CVS Health, UnitedHealth Group And Cigna sued the Federal Trade Commission on Tuesday, claiming the agency's lawsuit against drug supply chain middlemen over high insulin prices within the U.S. was unconstitutional.
The lawsuit, filed within the U.S. District Court for the Eastern District of Missouri, is the most recent step in a bitter legal battle between the three largest pharmacy profit managers (PBMs) within the U.S. and the FTC.
The FTC sued CVS's Caremark, Cigna's Express Scripts and UnitedHealth's Optum Rx within the agency's administrative law court in September, accusing these PBMs and other drug middlemen of using a “perverse” rebate system to spice up their profits while driving down insulin costs for the to drive Americans up.
The FTC's internal administrative process initiates proceedings before an administrative law judge, who hears the case. The FTC commissioners then vote on this opinion.
Tuesday's grievance argues that the FTC's motion violates the businesses' procedural rights under the Fifth Amendment. The corporations also contend that the FTC's claims involve private rights that have to be litigated in federal court relatively than the agency's internal administrative tribunal.

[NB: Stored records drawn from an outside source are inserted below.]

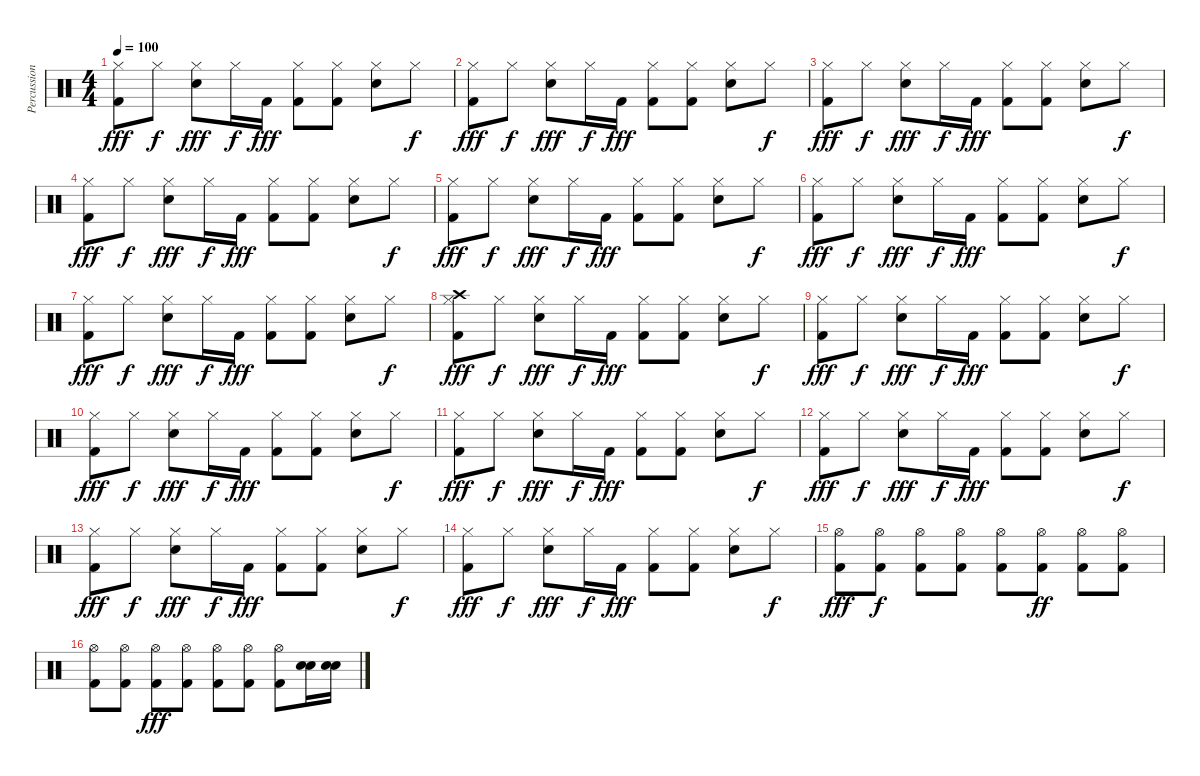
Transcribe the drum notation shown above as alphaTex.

\track ("Percussion" "Percussion") {instrument percussion}
\staff {score}
\articulation defaults
\ts (4 4)
\tempo 100
\clef neutral
\ks c
("Kick (hit) 2" "Hi-Hat (closed)").8{dy fff} "Hi-Hat (closed)".8{dy f} ("Electric Snare (hit)" "Hi-Hat (closed)").8{dy fff} "Hi-Hat (closed)".16{dy f} "Kick (hit) 2".16{dy fff} ("Kick (hit) 2" "Hi-Hat (closed)").8 ("Kick (hit) 2" "Hi-Hat (closed)").8 ("Electric Snare (hit)" "Hi-Hat (closed)").8 "Hi-Hat (closed)".8{dy f} |
("Kick (hit) 2" "Hi-Hat (closed)").8{dy fff} "Hi-Hat (closed)".8{dy f} ("Electric Snare (hit)" "Hi-Hat (closed)").8{dy fff} "Hi-Hat (closed)".16{dy f} "Kick (hit) 2".16{dy fff} ("Kick (hit) 2" "Hi-Hat (closed)").8 ("Kick (hit) 2" "Hi-Hat (closed)").8 ("Electric Snare (hit)" "Hi-Hat (closed)").8 "Hi-Hat (closed)".8{dy f} |
("Kick (hit) 2" "Hi-Hat (closed)").8{dy fff} "Hi-Hat (closed)".8{dy f} ("Electric Snare (hit)" "Hi-Hat (closed)").8{dy fff} "Hi-Hat (closed)".16{dy f} "Kick (hit) 2".16{dy fff} ("Kick (hit) 2" "Hi-Hat (closed)").8 ("Kick (hit) 2" "Hi-Hat (closed)").8 ("Electric Snare (hit)" "Hi-Hat (closed)").8 "Hi-Hat (closed)".8{dy f} |
("Kick (hit) 2" "Hi-Hat (closed)").8{dy fff} "Hi-Hat (closed)".8{dy f} ("Electric Snare (hit)" "Hi-Hat (closed)").8{dy fff} "Hi-Hat (closed)".16{dy f} "Kick (hit) 2".16{dy fff} ("Kick (hit) 2" "Hi-Hat (closed)").8 ("Kick (hit) 2" "Hi-Hat (closed)").8 ("Electric Snare (hit)" "Hi-Hat (closed)").8 "Hi-Hat (closed)".8{dy f} |
("Kick (hit) 2" "Hi-Hat (closed)").8{dy fff} "Hi-Hat (closed)".8{dy f} ("Electric Snare (hit)" "Hi-Hat (closed)").8{dy fff} "Hi-Hat (closed)".16{dy f} "Kick (hit) 2".16{dy fff} ("Kick (hit) 2" "Hi-Hat (closed)").8 ("Kick (hit) 2" "Hi-Hat (closed)").8 ("Electric Snare (hit)" "Hi-Hat (closed)").8 "Hi-Hat (closed)".8{dy f} |
("Kick (hit) 2" "Hi-Hat (closed)").8{dy fff} "Hi-Hat (closed)".8{dy f} ("Electric Snare (hit)" "Hi-Hat (closed)").8{dy fff} "Hi-Hat (closed)".16{dy f} "Kick (hit) 2".16{dy fff} ("Kick (hit) 2" "Hi-Hat (closed)").8 ("Kick (hit) 2" "Hi-Hat (closed)").8 ("Electric Snare (hit)" "Hi-Hat (closed)").8 "Hi-Hat (closed)".8{dy f} |
("Kick (hit) 2" "Hi-Hat (closed)").8{dy fff} "Hi-Hat (closed)".8{dy f} ("Electric Snare (hit)" "Hi-Hat (closed)").8{dy fff} "Hi-Hat (closed)".16{dy f} "Kick (hit) 2".16{dy fff} ("Kick (hit) 2" "Hi-Hat (closed)").8 ("Kick (hit) 2" "Hi-Hat (closed)").8 ("Electric Snare (hit)" "Hi-Hat (closed)").8 "Hi-Hat (closed)".8{dy f} |
("Kick (hit) 2" "Hi-Hat (closed)" "Crash high (hit)").8{dy fff} "Hi-Hat (closed)".8{dy f} ("Electric Snare (hit)" "Hi-Hat (closed)").8{dy fff} "Hi-Hat (closed)".16{dy f} "Kick (hit) 2".16{dy fff} ("Kick (hit) 2" "Hi-Hat (closed)").8 ("Kick (hit) 2" "Hi-Hat (closed)").8 ("Electric Snare (hit)" "Hi-Hat (closed)").8 "Hi-Hat (closed)".8{dy f} |
("Kick (hit) 2" "Hi-Hat (closed)").8{dy fff} "Hi-Hat (closed)".8{dy f} ("Electric Snare (hit)" "Hi-Hat (closed)").8{dy fff} "Hi-Hat (closed)".16{dy f} "Kick (hit) 2".16{dy fff} ("Kick (hit) 2" "Hi-Hat (closed)").8 ("Kick (hit) 2" "Hi-Hat (closed)").8 ("Electric Snare (hit)" "Hi-Hat (closed)").8 "Hi-Hat (closed)".8{dy f} |
("Kick (hit) 2" "Hi-Hat (closed)").8{dy fff} "Hi-Hat (closed)".8{dy f} ("Electric Snare (hit)" "Hi-Hat (closed)").8{dy fff} "Hi-Hat (closed)".16{dy f} "Kick (hit) 2".16{dy fff} ("Kick (hit) 2" "Hi-Hat (closed)").8 ("Kick (hit) 2" "Hi-Hat (closed)").8 ("Electric Snare (hit)" "Hi-Hat (closed)").8 "Hi-Hat (closed)".8{dy f} |
("Kick (hit) 2" "Hi-Hat (closed)").8{dy fff} "Hi-Hat (closed)".8{dy f} ("Electric Snare (hit)" "Hi-Hat (closed)").8{dy fff} "Hi-Hat (closed)".16{dy f} "Kick (hit) 2".16{dy fff} ("Kick (hit) 2" "Hi-Hat (closed)").8 ("Kick (hit) 2" "Hi-Hat (closed)").8 ("Electric Snare (hit)" "Hi-Hat (closed)").8 "Hi-Hat (closed)".8{dy f} |
("Kick (hit) 2" "Hi-Hat (closed)").8{dy fff} "Hi-Hat (closed)".8{dy f} ("Electric Snare (hit)" "Hi-Hat (closed)").8{dy fff} "Hi-Hat (closed)".16{dy f} "Kick (hit) 2".16{dy fff} ("Kick (hit) 2" "Hi-Hat (closed)").8 ("Kick (hit) 2" "Hi-Hat (closed)").8 ("Electric Snare (hit)" "Hi-Hat (closed)").8 "Hi-Hat (closed)".8{dy f} |
("Kick (hit) 2" "Hi-Hat (closed)").8{dy fff} "Hi-Hat (closed)".8{dy f} ("Electric Snare (hit)" "Hi-Hat (closed)").8{dy fff} "Hi-Hat (closed)".16{dy f} "Kick (hit) 2".16{dy fff} ("Kick (hit) 2" "Hi-Hat (closed)").8 ("Kick (hit) 2" "Hi-Hat (closed)").8 ("Electric Snare (hit)" "Hi-Hat (closed)").8 "Hi-Hat (closed)".8{dy f} |
("Kick (hit) 2" "Hi-Hat (closed)").8{dy fff} "Hi-Hat (closed)".8{dy f} ("Electric Snare (hit)" "Hi-Hat (closed)").8{dy fff} "Hi-Hat (closed)".16{dy f} "Kick (hit) 2".16{dy fff} ("Kick (hit) 2" "Hi-Hat (closed)").8 ("Kick (hit) 2" "Hi-Hat (closed)").8 ("Electric Snare (hit)" "Hi-Hat (closed)").8 "Hi-Hat (closed)".8{dy f} |
("Kick (hit) 2" "Hi-Hat (open)").8{dy fff} ("Kick (hit) 2" "Hi-Hat (open)").8{dy f} ("Kick (hit) 2" "Hi-Hat (open)").8 ("Kick (hit) 2" "Hi-Hat (open)").8 ("Kick (hit) 2" "Hi-Hat (open)").8 ("Kick (hit) 2" "Hi-Hat (open)").8{dy ff} ("Kick (hit) 2" "Hi-Hat (open)").8 ("Kick (hit) 2" "Hi-Hat (open)").8 |
("Kick (hit) 2" "Hi-Hat (open)").8 ("Kick (hit) 2" "Hi-Hat (open)").8 ("Kick (hit) 2" "Hi-Hat (open)").8{dy fff} ("Kick (hit) 2" "Hi-Hat (open)").8 ("Kick (hit) 2" "Hi-Hat (open)").8 ("Kick (hit) 2" "Hi-Hat (open)").8 ("Kick (hit) 2" "Hi-Hat (open)").8 ("Electric Snare (hit)" "Electric Snare (hit)").16 ("Electric Snare (hit)" "Electric Snare (hit)").16

The corporations called that process “fundamentally unfair,” noting that commissioners and an administrative law judge were “unconstitutionally barred from removal by the president and thus from democratic accountability.”
“This sweeping attempt to transform an entire industry through law enforcement would never stand up in a U.S. District Court,” the grievance states.
In a press release Tuesday, FTC spokesman Douglas Farrar said: “It has become fashionable for corporate giants to argue that a 110-year-old federal agency is unconstitutional in order to distract from business practices that we believe, in the case of PBMS, are harming sick patients.” “Forcing them to pay huge sums of cash for life-saving drugs won’t work.
PBMs are at the middle of the drug supply chain within the United States. They negotiate discounts with drug manufacturers on behalf of medical health insurance corporations, reimburse pharmacies for prescriptions, and create lists of medicines covered by insurance.
The grievance comes a month after CVS, UnitedHealth Group and Cigna asked FTC Chair Lina Khan and two other commissioners to recuse themselves from the agency's internal lawsuit. In separate filings, the businesses argued that every one three commissioners had an in depth track record of creating public statements that allegedly suggested serious bias against the PBMs.
According to the FTC, Caremark, Express Scripts and Optum Rx are all owned by or affiliated with health insurers and together manage about 80% of the nation's prescriptions.